EXERCISE INSTRUCTIONS :: Where does "beam" appear in the data? Return each line that holds it.

Saved entries
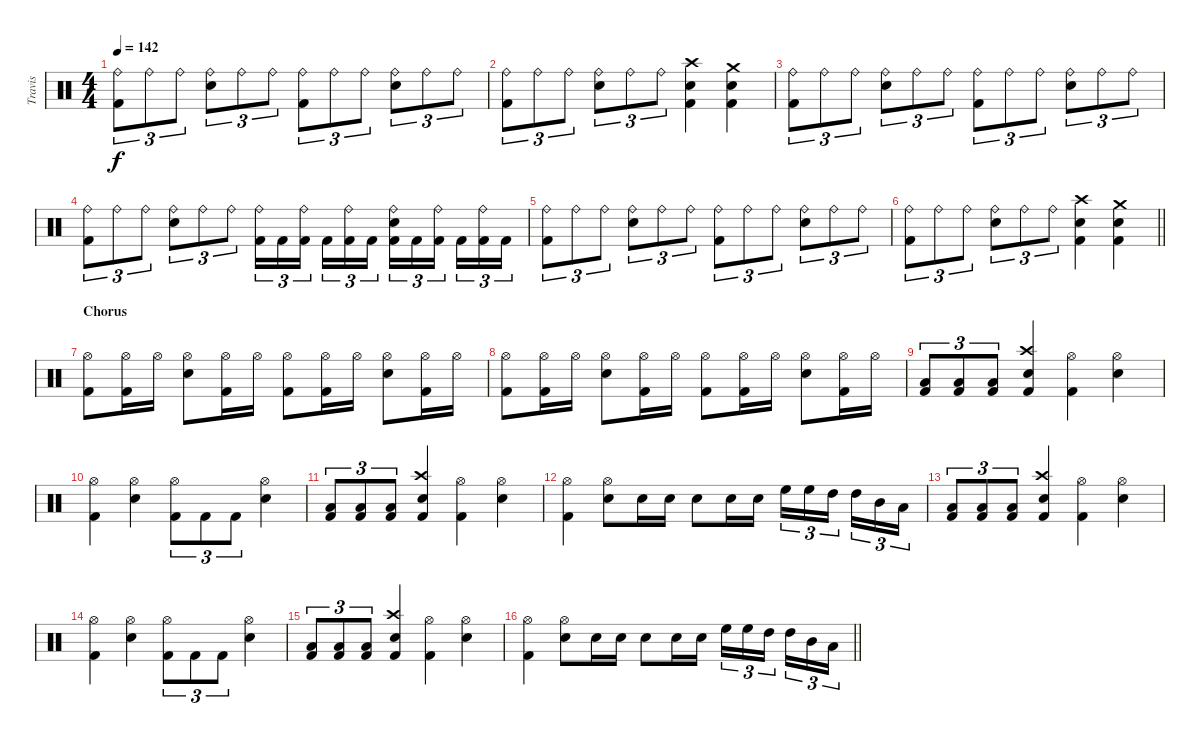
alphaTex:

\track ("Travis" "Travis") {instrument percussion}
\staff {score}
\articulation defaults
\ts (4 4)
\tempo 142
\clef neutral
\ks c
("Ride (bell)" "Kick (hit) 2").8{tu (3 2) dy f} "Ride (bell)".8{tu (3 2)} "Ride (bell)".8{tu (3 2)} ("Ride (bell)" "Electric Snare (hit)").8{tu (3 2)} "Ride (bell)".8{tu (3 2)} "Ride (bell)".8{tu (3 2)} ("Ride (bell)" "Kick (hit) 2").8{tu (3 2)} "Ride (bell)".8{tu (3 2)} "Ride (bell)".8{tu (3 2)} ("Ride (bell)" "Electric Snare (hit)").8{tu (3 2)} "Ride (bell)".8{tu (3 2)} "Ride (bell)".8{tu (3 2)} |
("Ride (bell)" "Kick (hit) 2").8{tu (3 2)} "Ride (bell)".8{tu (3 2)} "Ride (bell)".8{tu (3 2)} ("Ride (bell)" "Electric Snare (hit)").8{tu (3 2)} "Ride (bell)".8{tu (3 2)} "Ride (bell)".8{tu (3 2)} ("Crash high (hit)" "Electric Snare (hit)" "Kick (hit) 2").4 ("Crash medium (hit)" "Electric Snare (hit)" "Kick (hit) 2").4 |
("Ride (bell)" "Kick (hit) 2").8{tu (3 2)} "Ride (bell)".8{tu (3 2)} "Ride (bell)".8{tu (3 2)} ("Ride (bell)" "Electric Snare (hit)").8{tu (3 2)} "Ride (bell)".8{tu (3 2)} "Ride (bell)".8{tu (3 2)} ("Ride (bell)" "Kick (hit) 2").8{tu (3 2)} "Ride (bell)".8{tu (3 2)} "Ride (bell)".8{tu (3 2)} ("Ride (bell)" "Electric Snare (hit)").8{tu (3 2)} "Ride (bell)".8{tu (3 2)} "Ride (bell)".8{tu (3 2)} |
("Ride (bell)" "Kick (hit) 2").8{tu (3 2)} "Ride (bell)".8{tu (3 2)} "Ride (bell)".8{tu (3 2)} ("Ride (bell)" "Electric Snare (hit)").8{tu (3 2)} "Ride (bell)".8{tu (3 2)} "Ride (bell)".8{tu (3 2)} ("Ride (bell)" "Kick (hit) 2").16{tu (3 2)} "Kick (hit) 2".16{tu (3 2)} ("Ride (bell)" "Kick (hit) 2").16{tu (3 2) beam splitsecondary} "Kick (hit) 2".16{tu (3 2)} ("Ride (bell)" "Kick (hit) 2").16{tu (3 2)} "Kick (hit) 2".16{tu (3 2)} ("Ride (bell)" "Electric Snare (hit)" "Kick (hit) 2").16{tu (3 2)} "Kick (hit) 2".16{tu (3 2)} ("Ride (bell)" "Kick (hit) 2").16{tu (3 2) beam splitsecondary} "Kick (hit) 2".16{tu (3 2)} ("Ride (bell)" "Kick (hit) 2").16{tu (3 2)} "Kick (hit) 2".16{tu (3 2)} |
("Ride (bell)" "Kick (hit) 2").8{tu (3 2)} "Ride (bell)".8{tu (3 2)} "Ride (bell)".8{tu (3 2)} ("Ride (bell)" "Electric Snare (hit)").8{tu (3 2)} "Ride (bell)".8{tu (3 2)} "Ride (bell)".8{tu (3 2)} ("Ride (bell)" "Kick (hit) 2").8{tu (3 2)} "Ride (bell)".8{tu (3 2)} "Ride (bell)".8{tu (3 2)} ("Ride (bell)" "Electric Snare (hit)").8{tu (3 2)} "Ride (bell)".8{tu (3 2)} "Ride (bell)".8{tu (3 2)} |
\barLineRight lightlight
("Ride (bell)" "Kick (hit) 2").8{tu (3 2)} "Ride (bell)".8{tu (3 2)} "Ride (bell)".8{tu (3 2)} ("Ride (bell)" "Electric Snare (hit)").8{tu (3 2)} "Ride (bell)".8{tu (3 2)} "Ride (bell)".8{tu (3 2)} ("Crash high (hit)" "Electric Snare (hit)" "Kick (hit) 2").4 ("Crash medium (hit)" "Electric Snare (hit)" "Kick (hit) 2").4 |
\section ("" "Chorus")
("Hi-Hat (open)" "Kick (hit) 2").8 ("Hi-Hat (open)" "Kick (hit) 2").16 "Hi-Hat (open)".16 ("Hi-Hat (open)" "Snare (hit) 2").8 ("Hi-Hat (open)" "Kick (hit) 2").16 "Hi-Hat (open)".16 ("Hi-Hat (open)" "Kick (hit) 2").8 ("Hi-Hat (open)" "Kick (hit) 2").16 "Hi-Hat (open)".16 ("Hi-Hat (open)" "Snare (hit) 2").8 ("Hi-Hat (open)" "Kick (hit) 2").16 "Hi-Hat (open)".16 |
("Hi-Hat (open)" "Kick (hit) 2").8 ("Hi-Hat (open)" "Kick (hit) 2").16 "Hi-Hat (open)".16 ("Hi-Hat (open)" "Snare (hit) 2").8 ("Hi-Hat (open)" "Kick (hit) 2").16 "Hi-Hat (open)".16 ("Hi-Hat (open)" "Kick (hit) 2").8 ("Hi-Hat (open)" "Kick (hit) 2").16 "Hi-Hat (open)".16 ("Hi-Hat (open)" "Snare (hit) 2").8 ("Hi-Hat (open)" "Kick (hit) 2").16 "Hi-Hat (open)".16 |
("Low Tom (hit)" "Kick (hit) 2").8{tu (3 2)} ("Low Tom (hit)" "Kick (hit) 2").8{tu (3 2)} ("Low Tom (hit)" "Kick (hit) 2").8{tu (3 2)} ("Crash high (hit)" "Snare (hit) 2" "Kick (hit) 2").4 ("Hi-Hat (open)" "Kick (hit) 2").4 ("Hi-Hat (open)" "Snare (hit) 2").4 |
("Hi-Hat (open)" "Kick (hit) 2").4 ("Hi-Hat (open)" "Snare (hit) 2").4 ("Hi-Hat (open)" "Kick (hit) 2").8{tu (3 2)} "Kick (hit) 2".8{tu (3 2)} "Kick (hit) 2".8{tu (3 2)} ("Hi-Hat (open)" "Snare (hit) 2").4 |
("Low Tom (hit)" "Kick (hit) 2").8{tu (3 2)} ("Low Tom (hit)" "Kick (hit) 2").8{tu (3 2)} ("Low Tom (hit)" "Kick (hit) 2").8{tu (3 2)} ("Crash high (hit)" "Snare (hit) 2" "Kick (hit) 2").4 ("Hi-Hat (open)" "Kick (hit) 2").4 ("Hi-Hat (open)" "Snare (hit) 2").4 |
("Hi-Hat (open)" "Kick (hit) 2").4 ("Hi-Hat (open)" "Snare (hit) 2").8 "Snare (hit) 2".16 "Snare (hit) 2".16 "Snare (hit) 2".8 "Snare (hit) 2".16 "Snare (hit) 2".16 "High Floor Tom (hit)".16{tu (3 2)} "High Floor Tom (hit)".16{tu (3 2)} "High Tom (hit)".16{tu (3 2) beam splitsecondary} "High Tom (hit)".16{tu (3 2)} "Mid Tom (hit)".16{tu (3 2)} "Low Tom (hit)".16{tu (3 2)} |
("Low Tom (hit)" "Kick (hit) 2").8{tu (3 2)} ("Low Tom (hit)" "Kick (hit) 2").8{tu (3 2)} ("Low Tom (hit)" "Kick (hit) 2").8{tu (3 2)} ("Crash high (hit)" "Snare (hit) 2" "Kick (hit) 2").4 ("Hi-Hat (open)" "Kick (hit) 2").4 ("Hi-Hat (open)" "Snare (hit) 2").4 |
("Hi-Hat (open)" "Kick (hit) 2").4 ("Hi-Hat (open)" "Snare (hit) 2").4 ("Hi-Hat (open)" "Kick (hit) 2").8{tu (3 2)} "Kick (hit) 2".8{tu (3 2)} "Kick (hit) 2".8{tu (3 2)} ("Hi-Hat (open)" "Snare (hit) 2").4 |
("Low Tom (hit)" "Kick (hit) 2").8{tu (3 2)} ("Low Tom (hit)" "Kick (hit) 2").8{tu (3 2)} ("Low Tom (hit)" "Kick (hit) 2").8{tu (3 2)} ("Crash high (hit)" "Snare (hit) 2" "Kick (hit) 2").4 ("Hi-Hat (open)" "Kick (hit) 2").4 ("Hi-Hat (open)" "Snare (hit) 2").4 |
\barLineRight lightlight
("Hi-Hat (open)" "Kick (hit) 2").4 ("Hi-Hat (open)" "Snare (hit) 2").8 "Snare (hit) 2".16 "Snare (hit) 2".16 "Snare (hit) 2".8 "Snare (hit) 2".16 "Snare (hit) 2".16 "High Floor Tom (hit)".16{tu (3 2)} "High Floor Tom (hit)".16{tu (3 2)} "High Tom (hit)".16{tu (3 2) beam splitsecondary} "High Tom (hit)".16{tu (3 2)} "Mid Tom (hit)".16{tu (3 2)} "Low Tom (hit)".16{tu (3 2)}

YOUR RESPONSE ::
("Ride (bell)" "Kick (hit) 2").8{tu (3 2)} "Ride (bell)".8{tu (3 2)} "Ride (bell)".8{tu (3 2)} ("Ride (bell)" "Electric Snare (hit)").8{tu (3 2)} "Ride (bell)".8{tu (3 2)} "Ride (bell)".8{tu (3 2)} ("Ride (bell)" "Kick (hit) 2").16{tu (3 2)} "Kick (hit) 2".16{tu (3 2)} ("Ride (bell)" "Kick (hit) 2").16{tu (3 2) beam splitsecondary} "Kick (hit) 2".16{tu (3 2)} ("Ride (bell)" "Kick (hit) 2").16{tu (3 2)} "Kick (hit) 2".16{tu (3 2)} ("Ride (bell)" "Electric Snare (hit)" "Kick (hit) 2").16{tu (3 2)} "Kick (hit) 2".16{tu (3 2)} ("Ride (bell)" "Kick (hit) 2").16{tu (3 2) beam splitsecondary} "Kick (hit) 2".16{tu (3 2)} ("Ride (bell)" "Kick (hit) 2").16{tu (3 2)} "Kick (hit) 2".16{tu (3 2)} |
("Hi-Hat (open)" "Kick (hit) 2").4 ("Hi-Hat (open)" "Snare (hit) 2").8 "Snare (hit) 2".16 "Snare (hit) 2".16 "Snare (hit) 2".8 "Snare (hit) 2".16 "Snare (hit) 2".16 "High Floor Tom (hit)".16{tu (3 2)} "High Floor Tom (hit)".16{tu (3 2)} "High Tom (hit)".16{tu (3 2) beam splitsecondary} "High Tom (hit)".16{tu (3 2)} "Mid Tom (hit)".16{tu (3 2)} "Low Tom (hit)".16{tu (3 2)} |
("Hi-Hat (open)" "Kick (hit) 2").4 ("Hi-Hat (open)" "Snare (hit) 2").8 "Snare (hit) 2".16 "Snare (hit) 2".16 "Snare (hit) 2".8 "Snare (hit) 2".16 "Snare (hit) 2".16 "High Floor Tom (hit)".16{tu (3 2)} "High Floor Tom (hit)".16{tu (3 2)} "High Tom (hit)".16{tu (3 2) beam splitsecondary} "High Tom (hit)".16{tu (3 2)} "Mid Tom (hit)".16{tu (3 2)} "Low Tom (hit)".16{tu (3 2)}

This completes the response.